SB : Il faut bien comprendre que les événements comme SpeeDons restent marginaux par rapport à toute l’industrie du jeu vidéo, mais ils sont suffisamment visibles pour constater qu’ils sont importants pour la structuration des pratiques en ligne. Qu’est-ce qui est du « beau jeu » ? Qu’est-ce que « bien jouer » ? Les scènes du speedrun apportent une réponse à cela. Elles montrent en réalité le besoin des joueurs à constamment renouveler leur approche sur des jeux qu’iels aiment énormément. À un moment donné, ils en ont tellement fait le tour du design qu’ils vont essayer de trouver des contraintes à la contrainte, à la contrainte, à la contrainte, à la contrainte, etc. En fait, cela devient une réinvention perpétuelle et infinie. On a des exemples sur Elden Ring fini sur un tapis de danse, Super Mario 64 joué à la batterie…

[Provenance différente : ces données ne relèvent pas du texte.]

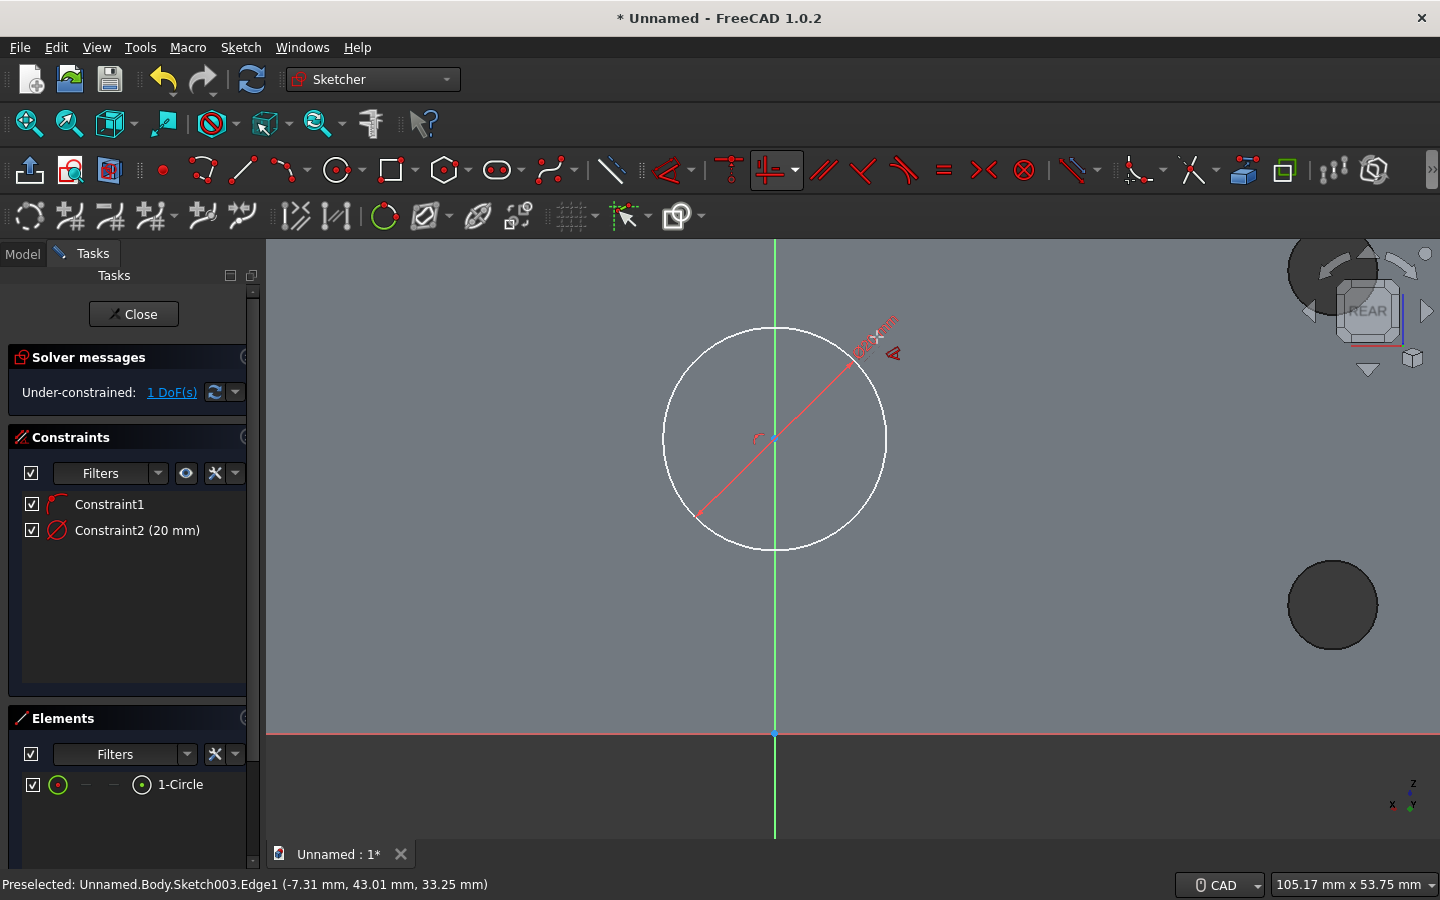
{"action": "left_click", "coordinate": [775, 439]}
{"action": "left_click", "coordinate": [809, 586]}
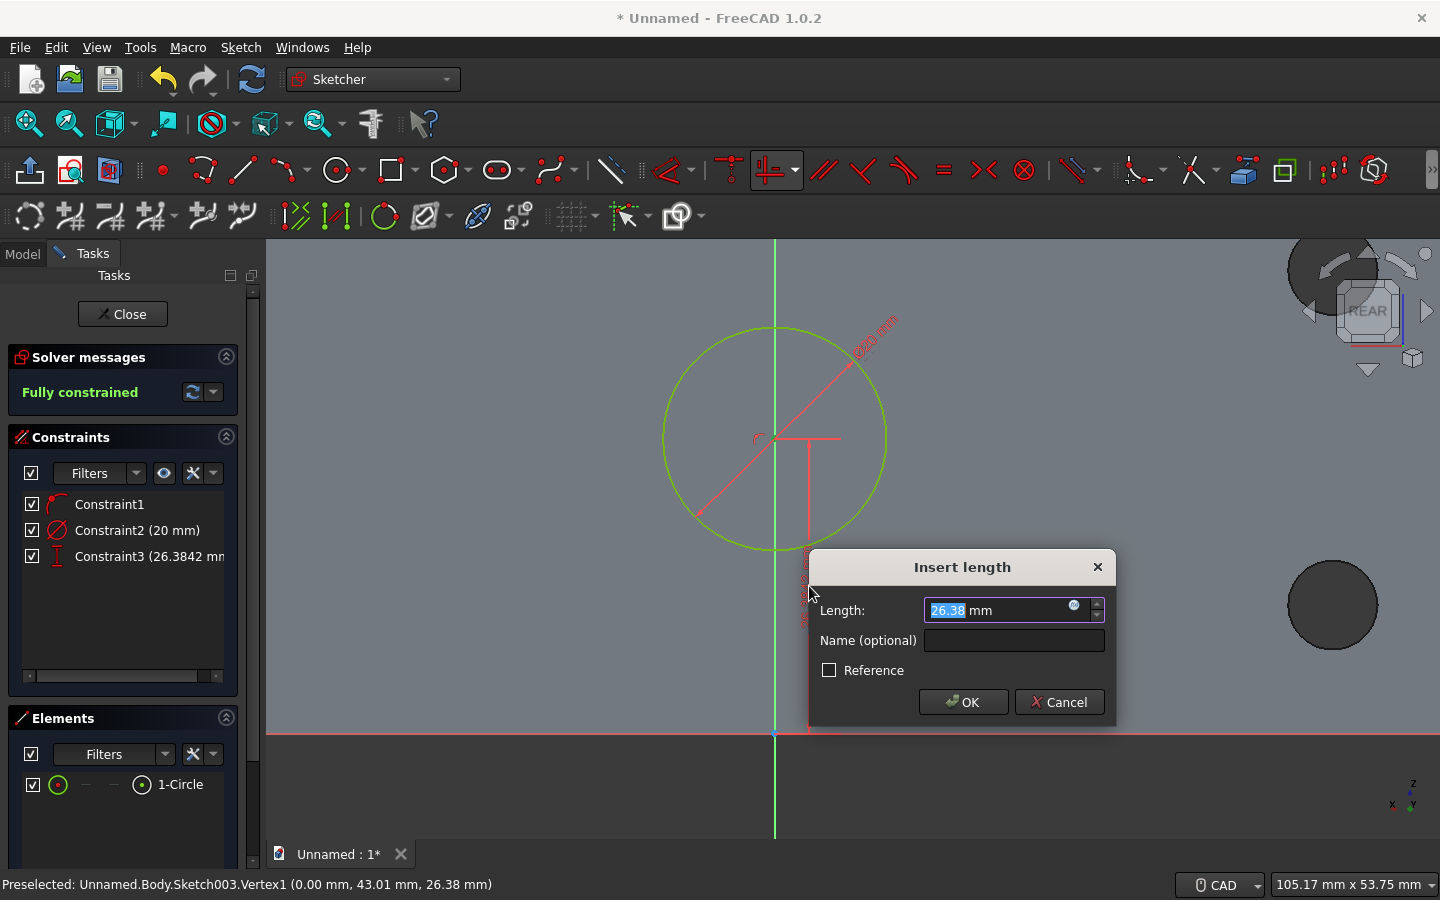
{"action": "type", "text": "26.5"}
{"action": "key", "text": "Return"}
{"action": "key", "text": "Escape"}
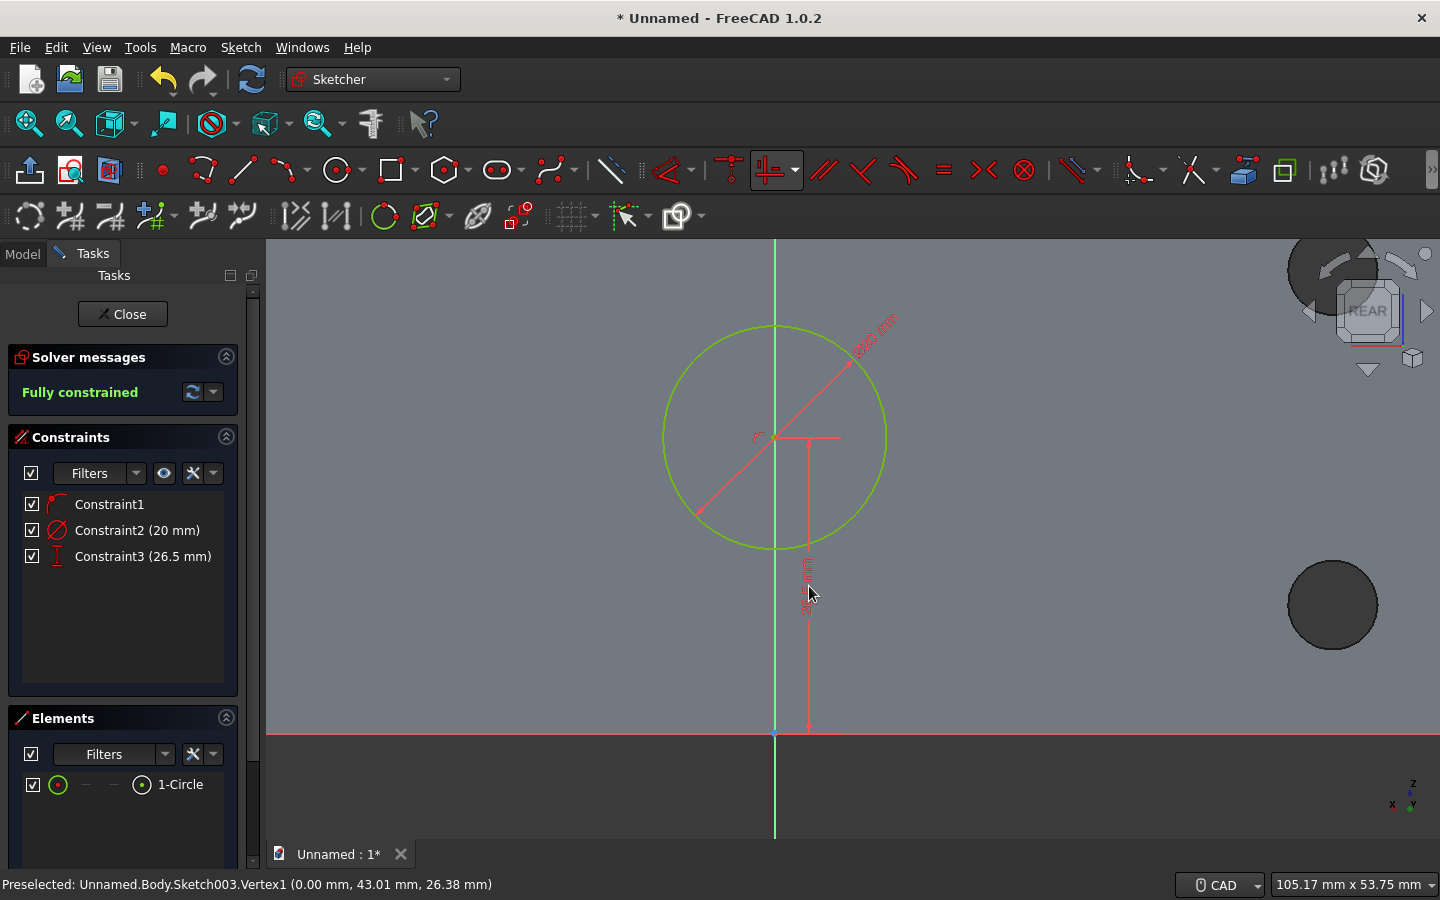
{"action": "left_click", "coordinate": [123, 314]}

Le speedrun est une pratique fondamentalement créative. Et cette créativité est le propre de la création de contenu sur Internet. Il faut aussi prendre en compte que les speedrunners et les speedrunneuses évoluent dans un écosystème plateformisé (de Twitch de YouTube) qui sont des dispositifs « forçant » la créativité des créateurs et créatrices de contenus. Créer de nouveaux concepts, créer du contenu un peu inédit, c’est toujours une manière pour les speedrunneureuses de renouveler un intérêt qu’iels ont toujours eu pour un jeu spécifique. Il y a quelque chose de très satisfaisant de réapprendre à jouer un jeu qu’on connaît déjà par cœur et qu’on aime beaucoup. En fait, on se dit « ah, mais en fait, je peux renouveler mon expérience vidéoludique et la prolonger grâce au speedrun ». Je trouve que ça participe à ça. Donc il ne fait aucun doute que le speedrun va continuer à se développer dans les années futures, mais également à “déborder” dans les pratiques mainstreams ou plus typiques, et ce, avec un mélange des spectacles toujours plus intriqués. Un exemple concret serait le langage où le verbe “speedrunner” est employé pour désigner le fait d’exécuter rapidement une action. Et quand une pratique devient un verbe, c’est aussi le signe qu’elle entre progressivement dans l’imaginaire collectif…
édité le 01/03/2024 : correctifs mineurs, ajout d’une phrase conclusive.
Propos recueillis par Esteban Grine, 2024.